Astragalus obscurus

Scientific classification
- Kingdom: Plantae
- Clade: Tracheophytes
- Clade: Angiosperms
- Clade: Eudicots
- Clade: Rosids
- Order: Fabales
- Family: Fabaceae
- Subfamily: Faboideae
- Genus: Astragalus
- Species: A. obscurus
- Binomial name: Astragalus obscurus S.Wats.

= Astragalus obscurus =

- Authority: S.Wats. |

Species of legume

Astragalus obscurus is a species of milkvetch known by the common name arcane milkvetch. It is native to the northwestern United States in Idaho and Oregon and northern parts of Nevada and California.
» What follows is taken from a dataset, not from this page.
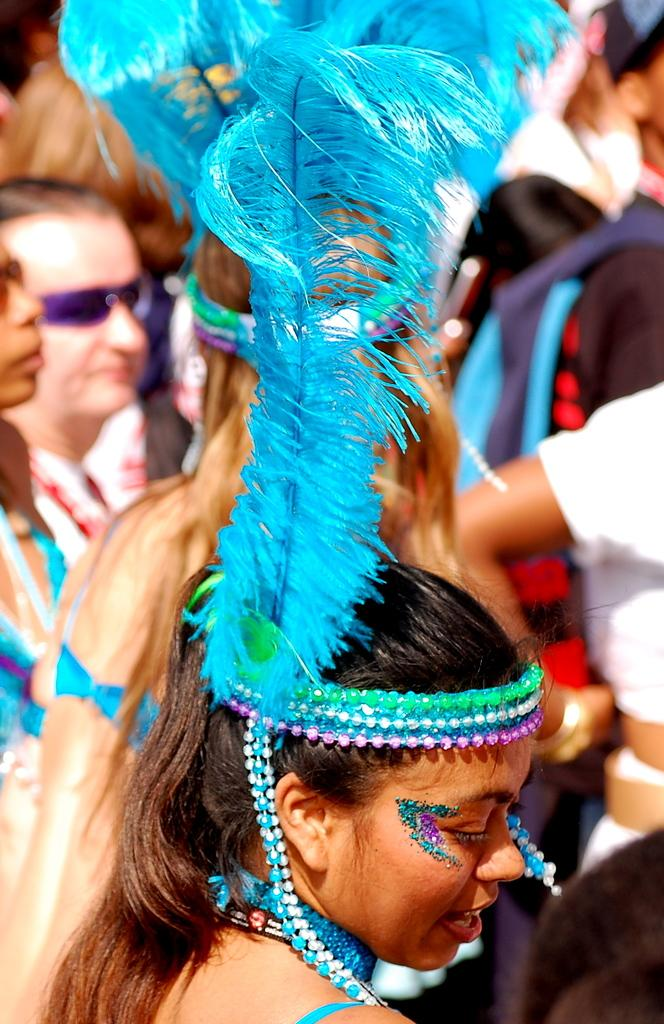How many people are in the image? There are many people in the image. Can you describe any specific clothing or accessories worn by someone in the image? Yes, a lady is wearing an object made of feathers. What type of border can be seen around the lady wearing the feather object in the image? There is no mention of a border around the lady in the image, so it cannot be determined from the provided facts. 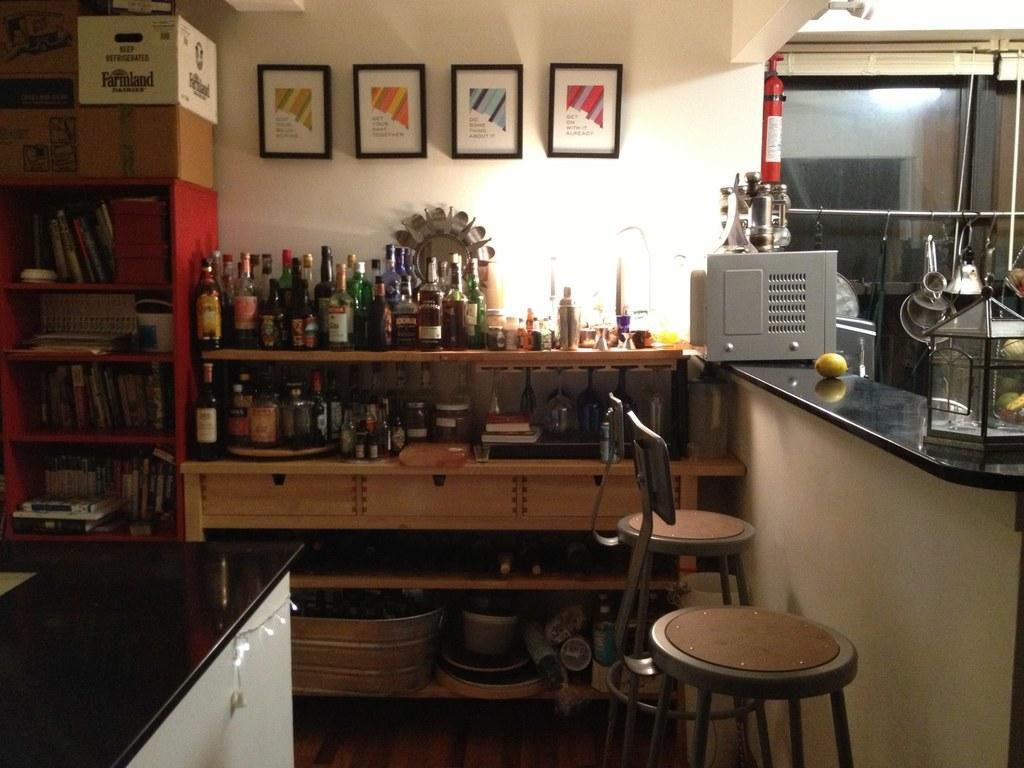How would you summarize this image in a sentence or two? This picture is inside view of a room. We can see a bottles, frame, wall, boxes, books, table, chair, container, vessels, fruit, extinguisher, window, floor, roof are present.

It is a plant of rocky areas in mountains and Great Basin plateaus. This is a small, mat-forming perennial herb with tufts of hairy stems approaching a maximum length of 15 centimeters. The leaves are up to 10 centimeters long and made up of thick oval-shaped leaflets. The inflorescence is a dense cluster of 5 to 15 off-white to faintly lilac-tinted flowers, each less than a centimeter long. The fruit is a narrow, leathery legume pod held upright in the infructescence. It may reach 2.5 centimeters in length and usually has two chambers inside.